- Associated Press - Sunday, September 2, 2012

LOS ANGELES (AP) - Hal David was a man of simple words.

A writer by trade _ and a journalist by education _ David had a knack for encapsulating love, earnestness and a wry sense of humor into a melody that was just a few minutes long. “Wishin’ and Hopin’,” the 1960s earworm he wrote with Burt Bacharach, was a rhyming how-to for gals looking to snag a man. With a wink, it snagged a new generation of fans when it opened the 1997 Julia Roberts film “My Best Friend’s Wedding.”

Through theater, film and TV, David’s songs transcended the time they were written to become classics.
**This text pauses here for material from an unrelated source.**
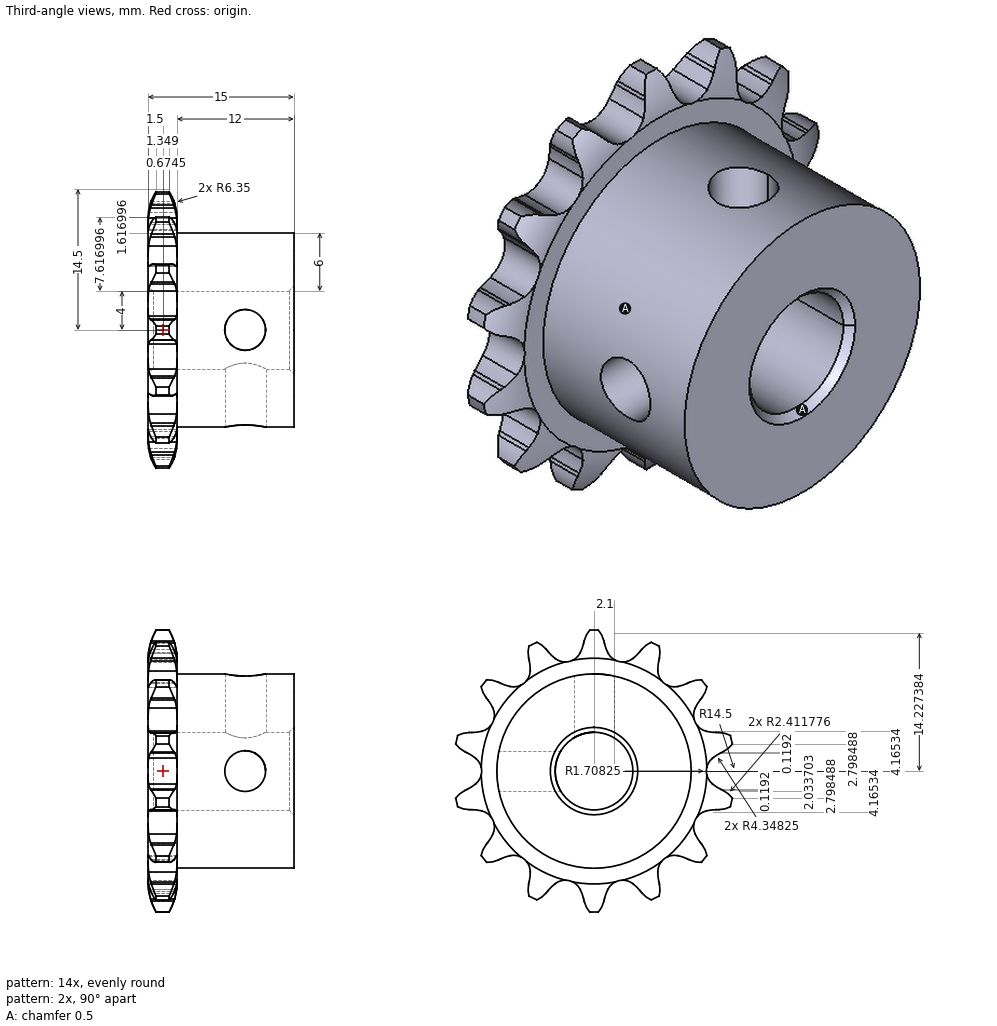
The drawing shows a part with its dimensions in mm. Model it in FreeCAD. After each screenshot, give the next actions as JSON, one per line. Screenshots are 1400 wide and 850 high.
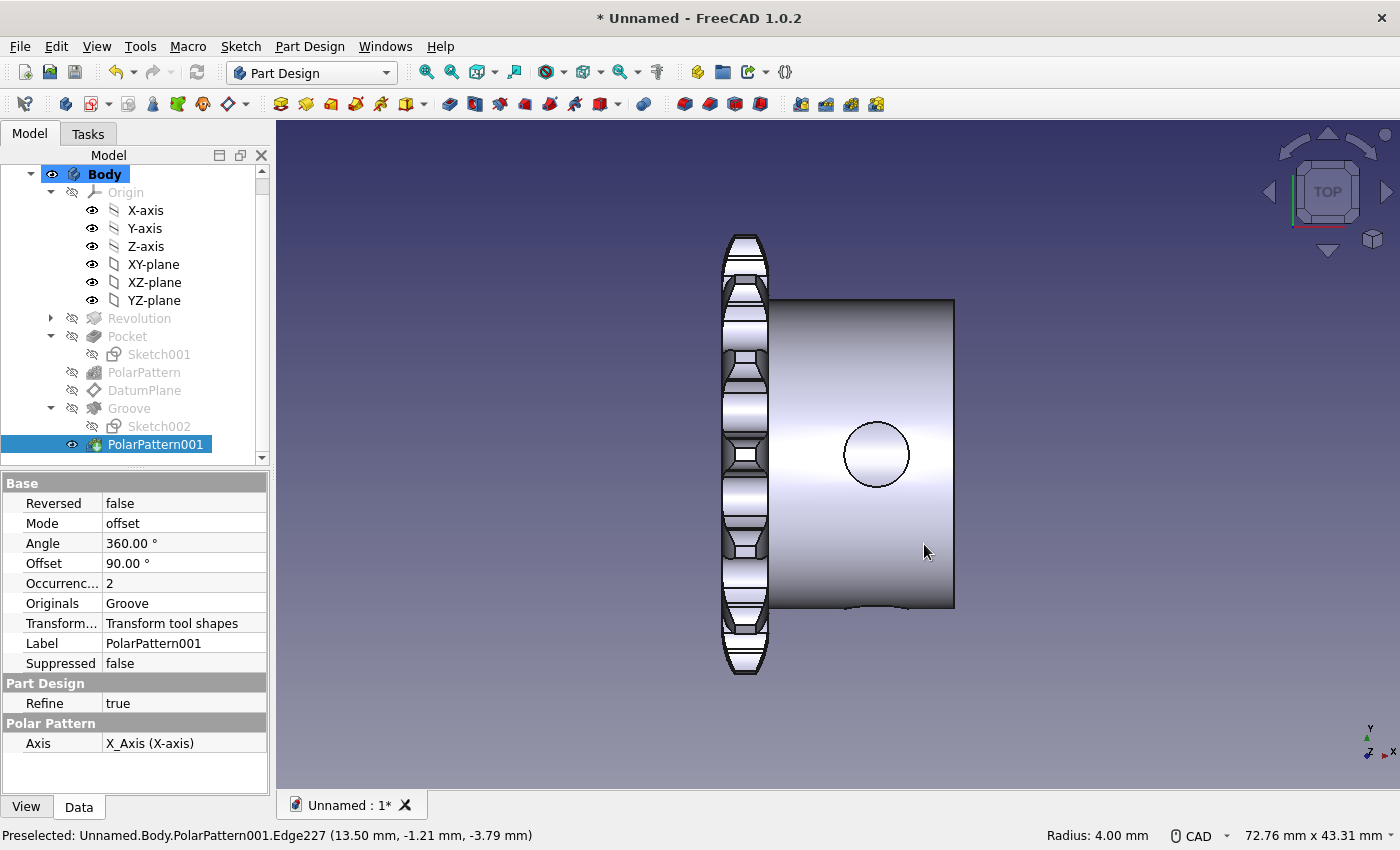
{"action": "key", "text": "1"}

With Bacharach, he was one of the most successful songwriting teams in modern history.

The 91-year-old, who died Saturday of complications from a stroke four days earlier in Los Angeles, “always had a song in his head,” said his wife, Eunice David. Even at the end, “he was always writing notes, or asking me to take a note down, so he wouldn’t forget a lyric.”

Bacharach and David’s hits included “Raindrops Keep Fallin’ On My Head” and “(They Long to Be) Close to You.” Many of the top acts of their time, from Barbra Streisand to Frank Sinatra and Aretha Franklin, recorded their music.

But the collaboration for which they were best known came in 1962, when they began writing for a young singer named Dionne Warwick.

Warwick’s versatile voice could convey the emotion of David’s lyrics and handle the changing patterns of Bacharach’s melodies. Together the trio created a chain of hits: “Don’t Make Me Over,” “Walk On By,” “I Say a Little Prayer,” “Do You Know the Way to San Jose,” “Always Something There to Remind Me” (which later was a hit for the 1980s synth pop band Naked Eyes), among others.

They were a “triangle marriage that worked,” Warwick wrote in her memoir, “My Life, As I See It.” Bacharach was “the handsome one,” and David was level-headed _ a “thoughtful, gentle, sincere” man _ Warwick wrote.

Ever the writer (he studied journalism at New York University), David said in a 1999 interview that he thought of songwriting as telling a narrative.

“The songs should be like a little film, told in three or four minutes. Try to say things as simply as possible, which is probably the most difficult thing to do,” he said.

The New York-based writer often flew to Los Angeles, where he and Bacharach holed up for weeks of intense songwriting. They also conferred by telephone, a method that birthed “I Say a Little Prayer.”

When a song went nowhere, they stuck it in a desk drawer and left it there for months.

In a brief essay on his website, David recalled having an idea for a song for “at least two years before showing it to Burt.”

“I was stuck,” he wrote. “I kept thinking of lines like, `Lord, we don’t need planes that fly higher or faster …’ and they all seemed wrong. Why, I didn’t know. But the idea stayed with me.

“Then, one day, I thought of, `Lord, we don’t need another mountain,’ and all at once I knew how the lyric should be written. Things like planes and trains and cars are manmade, and things like mountains and rivers and valleys are created by someone or something we call God. There was now a oneness of idea and language instead of a conflict. It had taken me two years to put my finger on it.”